Ritual Pengangkatan Kayu Berusia 500 Tahun Jadi Puncak Mauludan Sakral di Situs Balong Kramat Tuk

CIREBON | Cyberpolri.id — Tradisi mauludan tahunan di Desa Tuk, Kecamatan Kedawung, Kabupaten Cirebon, kembali digelar dengan khidmat pada 30 Agustus–2 September 2026. Puncak perayaan tahun ini ditandai dengan prosesi pengangkatan sebuah kayu mati berusia lebih dari 500 tahun dari Situs Balong Kramat Pangeran Pancur Jaya—sebuah ritual sakral yang menjadi magnet budaya dan sejarah bagi masyarakat setempat maupun pengunjung dari daerah lain.

Agenda tiga hari itu dibuka dengan pentas seni kolaboratif dari berbagai sanggar se‑Kecamatan Kedawung, menampilkan tari tradisional dan pagelaran seni siang‑malam yang memeriahkan suasana. Pada hari kedua dilaksanakan rangkaian ritual keluarga dan kegiatan keagamaan bersama unsur desa serta keluarga besar keraton—termasuk perwakilan Keraton Kanoman, Kesepuhan, Kacirebonan, Keprabonan, dan Gunung Jati—serta tamu dari Kabupaten Kuningan, Indramayu, dan sejumlah budayawan dari Jakarta.

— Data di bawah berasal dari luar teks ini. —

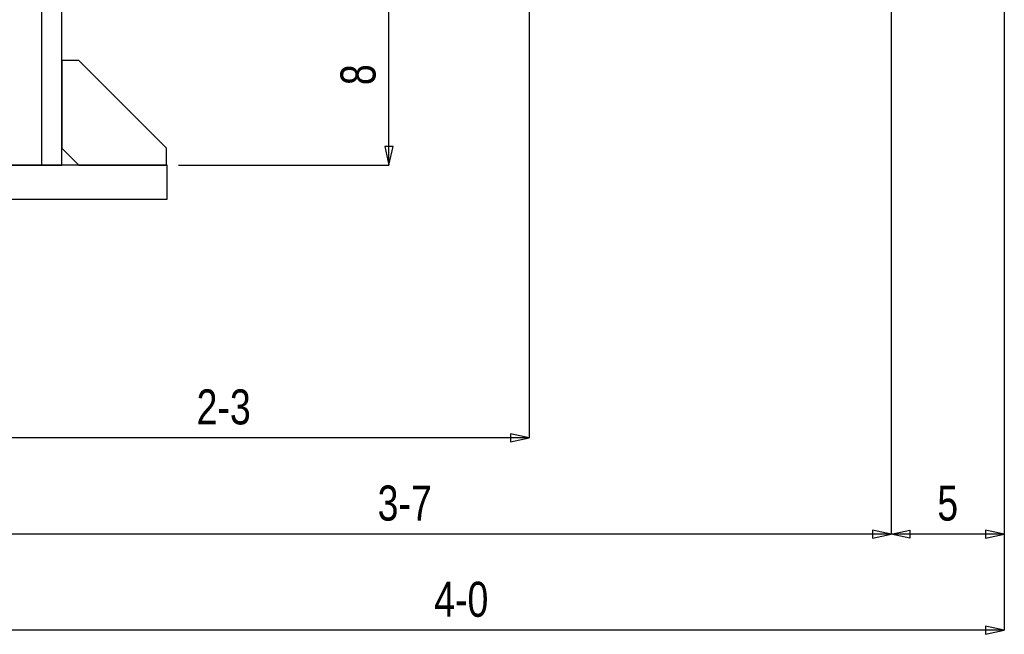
# Model space of a CAD drawing. Header units: inches. Extents: x -17.2 to 17.5, y -11.2 to 11.2.
# Tile 17 of 38: x -7.5 to -3.9, y -2.7 to -0.5. Entities that reach past the tile are written whole.
import ezdxf
from ezdxf.enums import TextEntityAlignment as Align

# ---------------------------------------------------------------- set-up
doc = ezdxf.new("R2010")
doc.units = ezdxf.units.IN
doc.header["$LTSCALE"] = 2.5
doc.header["$MEASUREMENT"] = 0
doc.layers.add('Layer_0', color=7, linetype='Continuous')

msp = doc.modelspace()

# ---------------------------------------------------------------- linework, layer by layer
at = {"color": 1, "linetype": 'Continuous'}
for p, q in [((-4.302, 2.9077), (-4.302, -2.3483)), ((-4.302, 2.9077), (-4.302, -2.3483)), ((-5.6354, 1.4761), (-5.6354, -1.9942)), ((-3.8854, 0.8824), (-3.8854, -2.3483)), ((-6.1516, -0.9905), (-6.1516, -0.3239)), ((-6.1368, -0.9216), (-6.1664, -0.9216)), ((-6.1664, -0.9216), (-6.1516, -0.9905)), ((-6.1516, -0.9905), (-6.1368, -0.9216)), ((-6.927, -0.9905), (-6.1516, -0.9905)), ((-5.6354, -1.9942), (-7.8854, -1.9942)), ((-5.6354, -1.9942), (-5.7043, -1.9794)), ((-5.7043, -1.9794), (-5.7043, -2.0089)), ((-5.7043, -2.0089), (-5.6354, -1.9942)), ((-4.302, -2.3483), (-7.8854, -2.3483)), ((-4.302, -2.3483), (-4.3709, -2.3336)), ((-4.3709, -2.3336), (-4.3709, -2.3631)), ((-4.3709, -2.3631), (-4.302, -2.3483)), ((-4.302, -2.3483), (-4.2331, -2.3336)), ((-3.8854, -2.3483), (-4.302, -2.3483)), ((-4.2331, -2.3631), (-4.302, -2.3483)), ((-4.2331, -2.3336), (-4.2331, -2.3631)), ((-3.8854, -2.3483), (-3.9543, -2.3336)), ((-3.9543, -2.3336), (-3.9543, -2.3631)), ((-3.9543, -2.3631), (-3.8854, -2.3483)), ((-3.8854, -2.3483), (-3.8854, -2.7025)), ((-3.8854, -2.7025), (-7.8854, -2.7025)), ((-3.8854, -2.7025), (-3.9543, -2.6877)), ((-3.9543, -2.6877), (-3.9543, -2.7173)), ((-3.9543, -2.7173), (-3.8854, -2.7025))]:
    msp.add_line(p, q, dxfattribs=at)
at = {"layer": 'Layer_0', "color": 2, "linetype": 'Continuous'}
for p, q in [((-7.4312, 0.7595), (-7.4312, -0.9905)), ((-7.3562, -0.9905), (-7.3562, 0.7595)), ((-7.2937, -0.6051), (-7.3562, -0.6051)), ((-7.3562, -0.6051), (-7.3562, -0.928)), ((-6.9708, -0.928), (-7.2937, -0.6051)), ((-7.3562, -0.928), (-7.2937, -0.9905)), ((-6.9708, -0.9905), (-6.9708, -0.928)), ((-6.9687, -0.9905), (-8.802, -0.9905)), ((-8.2635, -0.9905), (-7.5072, -0.9905)), ((-7.5072, -0.9905), (-7.4781, -0.9905)), ((-7.4781, -0.9905), (-7.4535, -0.9905)), ((-7.4535, -0.9905), (-7.437, -0.9905)), ((-7.437, -0.9905), (-7.4312, -0.9905)), ((-7.4312, -0.9905), (-7.3562, -0.9905)), ((-7.2937, -0.9905), (-6.9708, -0.9905)), ((-6.9687, -1.1155), (-6.9687, -0.9905)), ((-8.802, -1.1155), (-6.9687, -1.1155))]:
    msp.add_line(p, q, dxfattribs=at)

# ---------------------------------------------------------------- texts
at = {"color": 2, "linetype": 'Continuous', "width": 0.8}
msp.add_text('8', height=0.129, rotation=90, dxfattribs=at).set_placement((-6.2012, -0.6572), align=Align.CENTER)
for s, height, p in [('2-3', 0.12902, (-6.7604, -1.9446)), ('3-7', 0.12902, (-6.0937, -2.2987)), ('5', 0.129, (-4.0937, -2.2987)), ('4-0', 0.12902, (-5.8854, -2.6529))]:
    msp.add_text(s, height=height, dxfattribs=at).set_placement(p, align=Align.CENTER)

doc.saveas('drawing.dxf')

Menurut Mas Raden Suparja, tokoh masyarakat sekaligus kuncen Situs Balong Kramat Tuk Pangeran Pancur Jaya, tradisi ini mengandung nilai historis kuat. Ia menceritakan bahwa situs tersebut terkait dengan jejak para wali yang menyebarkan Islam di wilayah Cirebon. Konon, ada kisah seorang pertapa yang menancapkan tongkatnya di tanah; tak lama kemudian mata air memancar dan terus mengalir hingga kini. Kayu yang diangkat pada puncak acara dikenal sebagai "Pangeran Pancur Jaya", diperkirakan berusia sekitar 500 tahun dan dipandang sakral oleh warga setempat.

Puncak perayaan pada Rabu malam (2/9) menampilkan prosesi pengangkatan kayu, dilanjutkan kirab pusaka yang mengelilingi desa sebelum kembali ke Balong Kramat. Tradisi ritual dan kirab ini bukan hanya seremoni keagamaan, melainkan juga wujud pelestarian warisan budaya dan identitas komunitas desa Tuk.

Pemerintah desa Tuk menjalankan acara dengan dukungan penuh dari Pemerintah Kabupaten Cirebon, termasuk Bupati dan Wakil Bupati, serta Dinas Pemuda dan Olahraga. Kehadiran perwakilan kementerian, tokoh keraton, budayawan, dan peserta dari Jakarta, Bandung, Jawa Tengah, dan Jawa Timur menegaskan nilai strategis acara ini—bukan sekadar perayaan lokal, tetapi juga ajang pelestarian nilai sejarah dan kearifan lokal yang menarik minat peneliti dan pemerhati budaya.

Selain upacara dan pentas seni, rangkaian mauludan diisi dengan tahlil bersama dan doa kolektif menjelang Maulid Nabi Muhammad SAW. Acara yang berlangsung turun‑temurun ini dipertahankan sebagai bagian penting tradisi spiritual dan sosial masyarakat Desa Tuk.

Ritual pengangkatan kayu berusia ratusan tahun di Balong Kramat Tuk yang hanya digelar tiap tahun menjadi daya tarik tersendiri karena keunikannya—sebuah praktik sakral yang jarang ditemui di tempat lain. Tradisi ini terus dijaga generasi penerus sebagai pengikat memori kolektif, sekaligus pengingat akan akar sejarah Islam dan kebudayaan di kawasan Cirebon.